Friday Market Follies – Following Murdoch’s Money

A statement was issued by Merkel and Sarkozy yesterday

As translated by the Financial Times, it read:  

The President and German Chancellor spoke today by telephone to prepare the European dates in the coming days.

The President and the Chancellor have agreed to provide a comprehensive and ambitious global response to the current crisis in the euro area.

This response will include the following:

– The operational implementation of new forms of intervention EFSF.
– A plan to strengthen the capital of European banks.
– The implementation of the economic governance of the euro area and the strengthening of economic integration.

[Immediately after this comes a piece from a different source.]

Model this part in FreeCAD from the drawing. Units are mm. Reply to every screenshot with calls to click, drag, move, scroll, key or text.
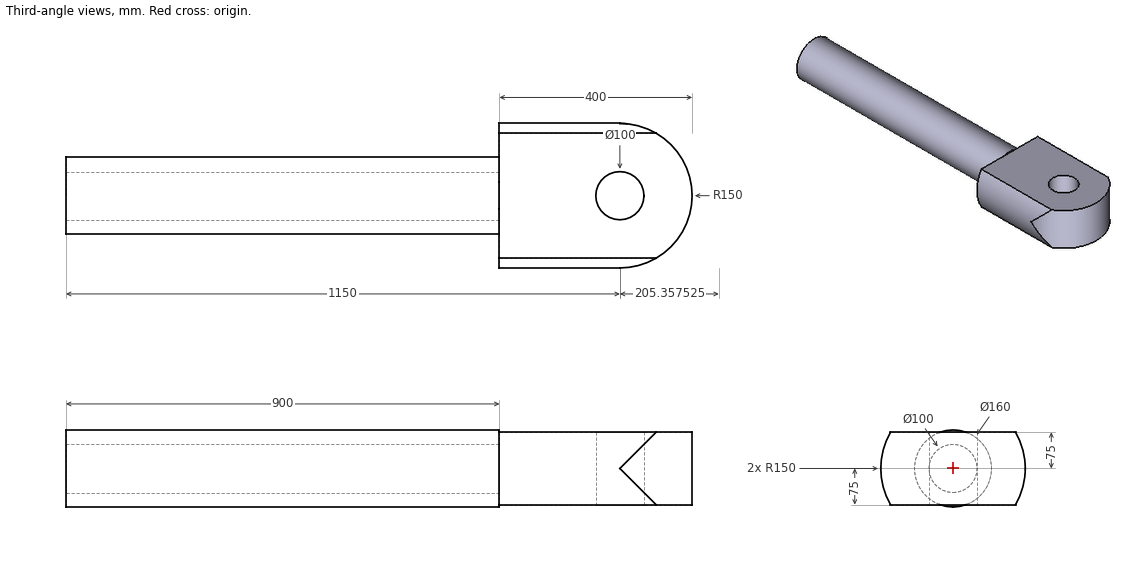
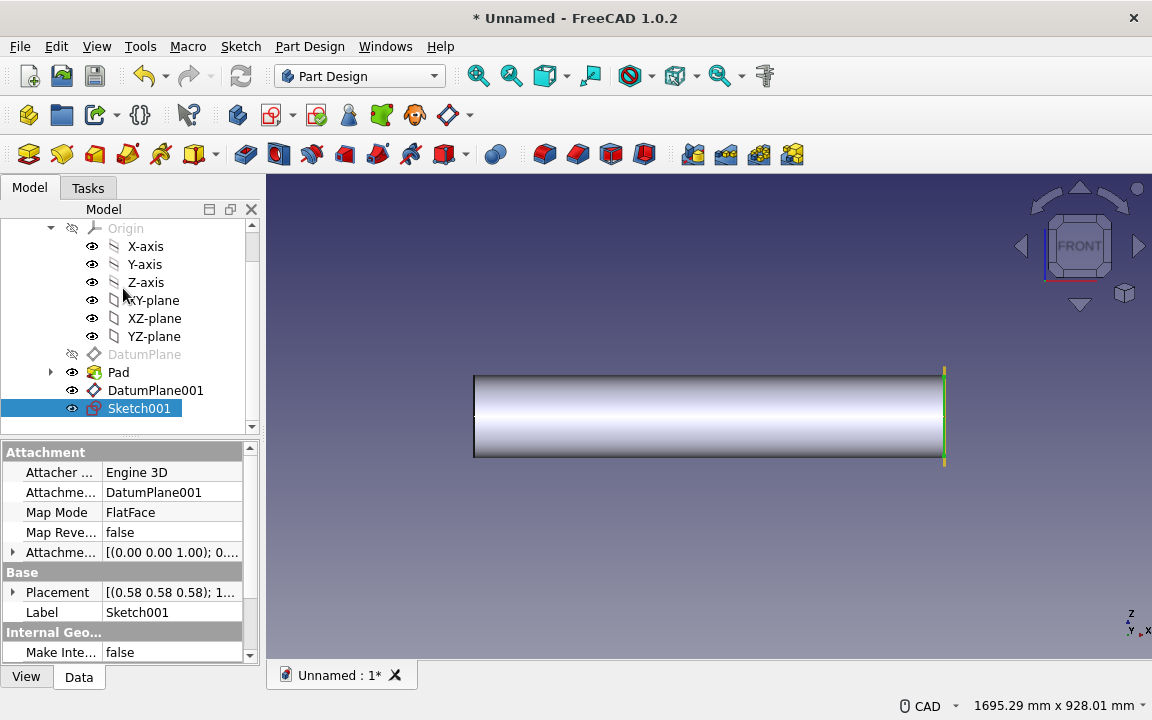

For a lasting solution to the situation in Greece, the Greek authorities will have to make ambitious commitments to address the situation of their economies as part of a new program. Based on the report of the troika and the analysis of debt sustainability Greece, France and Germany call for immediately undertake negotiations with the private sector to reach an agreement for strengthening sustainability.

The President and the Chancellor will meet Saturday night in Brussels ahead of the European Council summit in the euro area on Sunday. France and Germany have agreed that all elements of this ambitious and comprehensive response will be discussed in depth at the summit on Sunday in order to be finally adopted by the Heads of State and Government at a second meeting no later than Wednesday.”

As I said to our Members in Chat (we went bullish on the news, of course) – could they possibly be more clear in their statement?  Well, apparently they should have been because the interpretation of this statement, as headlined in the WSJ, was as follows:  

Disagreement between Germany and France over virtually every point in a plan to resolve the euro-zone debt crisis forced Merkel and Sarkozy to concede that a summit of EU leaders Sunday won’t produce an agreement.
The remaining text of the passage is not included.